Last, but hardly least this week is this spooktacular (to make a flashbacking reference to earlier in the week's Journey Into Light, and setting things up nicely to remind you of Kerry Laitala's Muse of Cinema Series, playing tomorrow, Fri, March 20th, at ATA) double-feature. The Black Cat bears no relation to the ostensible Poe source, and has precious little to do with the notorious creature of its title, instead substituting an epic battle of Good vs. Evil between Boris Karloff and Bela Lagosi staged amidst astounding Bauhaus-inspired sets. Cat's auteur, Edgar G. Ulmer was poster-boy for the film maudit (in English, "damned film") sensibility, in that virtually without notice, he did wonders over the course of decades and many dozens of movies with what would be charitably described as chump change... His most famous film today is one of the key works of Noir, Detour, but back in the day, Black Cat probably garnered the most attention, as it had the biggest stars, highest budget, and, if memory serves, the most successful promotion and ticket reciepts of Ulmer's career. Despite all this, it is a highly strange and enjoyable film... I've only seen Mitchell Leisen's Death Takes a Holiday once, many years ago, and also at the Stanford, and can't say I remember it that well, except to say I thought it damned good. Leisen was given short shrift for far too long. Just about every film I've seen by him -- just about a half-dozen or so -- has been way beyond expectations. Sarris circa '68 thought him inferior to other, more distinctive directors. With hindsight, it's evident to me there's room under auteurism's big top for directors of such skill and delicacy. The big personality be damned! And with that, I'm outta here, Jack. The virtually unknown-to-me continent of Leisen's work beckons...


Comments:

Posted March 21, 2009 at 10:10pm by Carl Martin:
Just to set the record straight so as not to mislead future generations, it appears that the Cerrito's shows of Mockingbird were preëmpted by Sunset Blvd., a change that the Bay Area Film Calendar's humble and sometimes overburdened compiler failed to notice in time. (And a change for the better, in his humble opinion.)

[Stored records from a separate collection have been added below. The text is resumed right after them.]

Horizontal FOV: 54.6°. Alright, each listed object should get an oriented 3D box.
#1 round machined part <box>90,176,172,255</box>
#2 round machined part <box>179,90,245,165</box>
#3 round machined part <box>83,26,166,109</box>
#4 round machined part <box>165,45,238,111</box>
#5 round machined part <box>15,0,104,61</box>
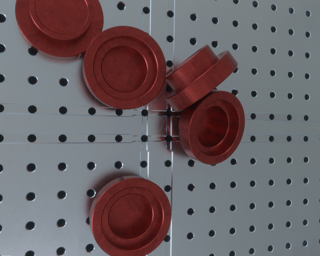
[{"bbox_3d":[-0.039,0.108,0.389,0.099,0.042,0.097,0,90,-20],"label":"round machined part"},{"bbox_3d":[0.065,-0.004,0.417,0.099,0.042,0.097,-9,107,-32],"label":"round machined part"},{"bbox_3d":[-0.045,-0.072,0.384,0.099,0.042,0.097,-1,94,-17],"label":"round machined part"},{"bbox_3d":[0.044,-0.067,0.390,0.098,0.098,0.042,-41,99,-15],"label":"round machined part"},{"bbox_3d":[-0.115,-0.131,0.361,0.099,0.042,0.097,0,90,-20],"label":"round machined part"}]

Posted March 22, 2009 at 1:37am by Brecht Andersch:
I need no corrections or opinions from jackanapes! -- humble or otherwise! Nice umlaut, tho. Gotta hand that to you, Mr. Compiler... As usual, all show and no substance...

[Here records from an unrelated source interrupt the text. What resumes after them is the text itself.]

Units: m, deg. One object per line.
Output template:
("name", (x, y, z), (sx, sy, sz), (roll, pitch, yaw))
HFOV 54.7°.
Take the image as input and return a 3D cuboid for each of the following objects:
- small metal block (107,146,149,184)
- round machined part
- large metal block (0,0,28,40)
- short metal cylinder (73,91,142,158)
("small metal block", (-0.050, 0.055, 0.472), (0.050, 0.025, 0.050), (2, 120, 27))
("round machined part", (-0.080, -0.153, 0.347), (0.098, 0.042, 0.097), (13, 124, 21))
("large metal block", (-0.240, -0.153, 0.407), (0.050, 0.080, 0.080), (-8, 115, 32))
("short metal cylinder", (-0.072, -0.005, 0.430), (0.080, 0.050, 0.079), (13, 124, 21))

Posted March 27, 2009 at 11:19am by Brian Darr (unregistered):
Just noticed that it's actually possible to comment on these entries, and therefore would like to belatedly thank the author for his kind words on my site. And to say, "Yes, lets do the The End tour". I'm available for planning on Tuesdays and Fridays (maybe other days too). boingdiddleypop is my address, my provider being yahoo.